The words of their President show that 38 Studios clearly has the ambition to really move the genre forward.
“You name a standard and I guarantee we’re going to exceed it,” he said with confidence.
So what about the worry that this might be some kind of vanity project or dampened by the involvement of three people who while extremely talented in each of their fields, are not game developers? I put the question out there point blank. Emphatically, Close told us that they would not have those problems and explained the roles of each of the three big names to illustrate his point.
Schilling, McFarlane and Salvatore are all essentially executive level contributors to the project and each has a full time, in-house person below them. Schilling is the head of the company, but Close runs the day-to-day operations of the company. Likewise, both Salvatore and McFarlane have in-house developers under them who handle the day-to-day development of the game.
Curt Schilling is a high profile person who loves games – specifically his highly public support of SOE’s EverQuest II – but he also realizes his limitations, Close told us. During the season, Schilling concentrates primarily on pitching for the Boston Red Sox. Outside of that, Close tells us that Schilling believes firmly in hiring good people and “getting out of their way”. For example, often the designers will debate something through email. Schilling does not hesitate to chime in with thoughts or ideas and sometimes they’re good, sometimes they’re not. Close added that Schilling does have a “good design sense”. However, when it comes down to the decision, the designers make the choice.

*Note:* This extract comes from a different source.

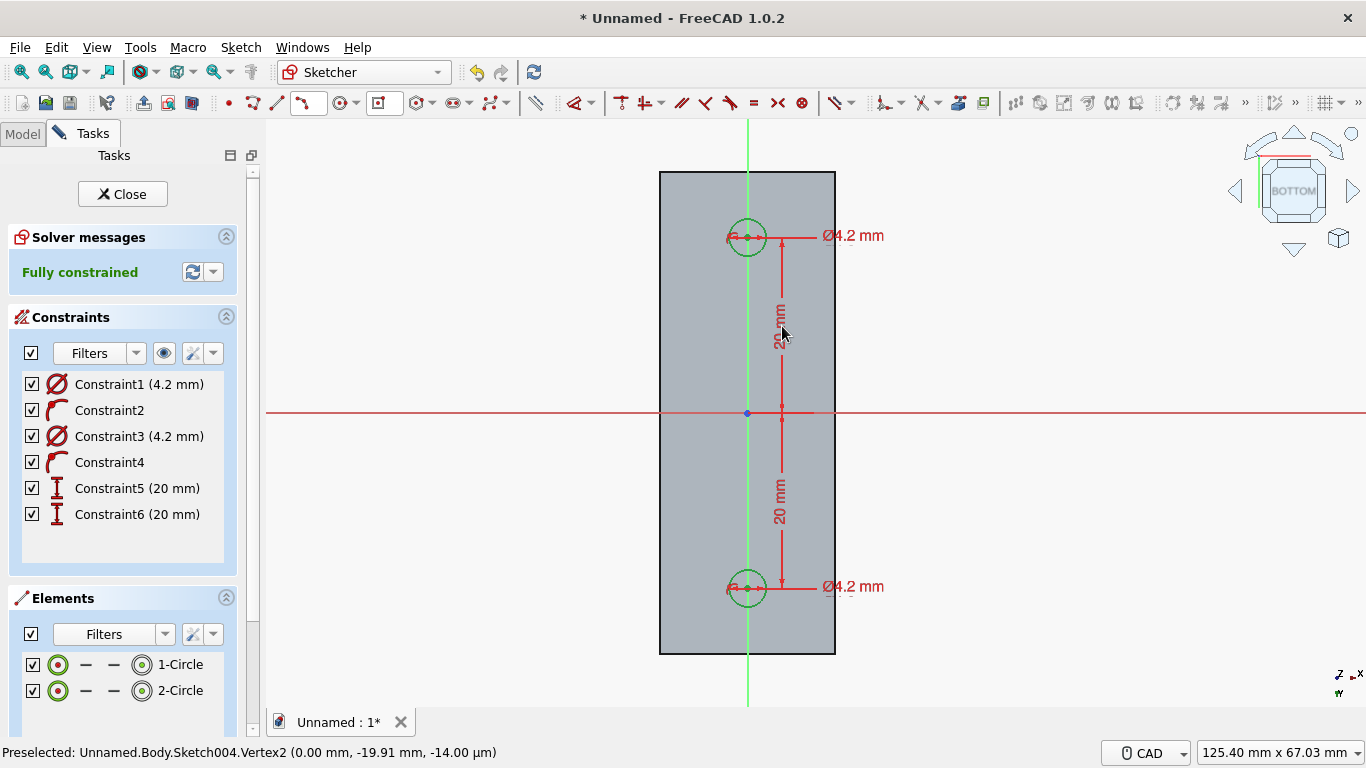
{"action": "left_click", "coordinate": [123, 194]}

R.A. Salvatore lives near their Maynard, MA office and comes into work three days a week. There, he contributes to the overall story of the game and how it is weaved in, but again, there is a full time employee on site who handles the nitty-gritty details and makes sure people work.
The same goes for Todd McFarlane. He works from Phoenix and comes by the office each month. They even set up a video link, complete with tablet support, so he can sketch things for the team. He sets the high level artistic goals and vision of the project, but an in-house art lead manages the day-to-day operations.
Beyond the big three, 38 Studios had also raised some eyebrows by hiring a series of EverQuest II developers, such as former community manager Ryan Shwayder, designer Steve Danuser and others. Close didn’t try to hide that they had many ex-SOE developers on staff, but said that they had been no concentrated effort to approach people from that staff. They receive resumes, like most companies from all over, and in this case, Schilling’s personal relationships ran especially deep with SOE. The hires shouldn’t indicate to people, he added, that they’re making some kind of EQII clone, nor that their relationship with SOE is anything other than friendly
So far, 38 Studios has been a lot of hype. There are some big names and some big expectations, but it’s the developers who will ultimately dictate success or failure. AGDC gave us that first peek inside what the studio is really all about and so far it seems like they’re on the right track.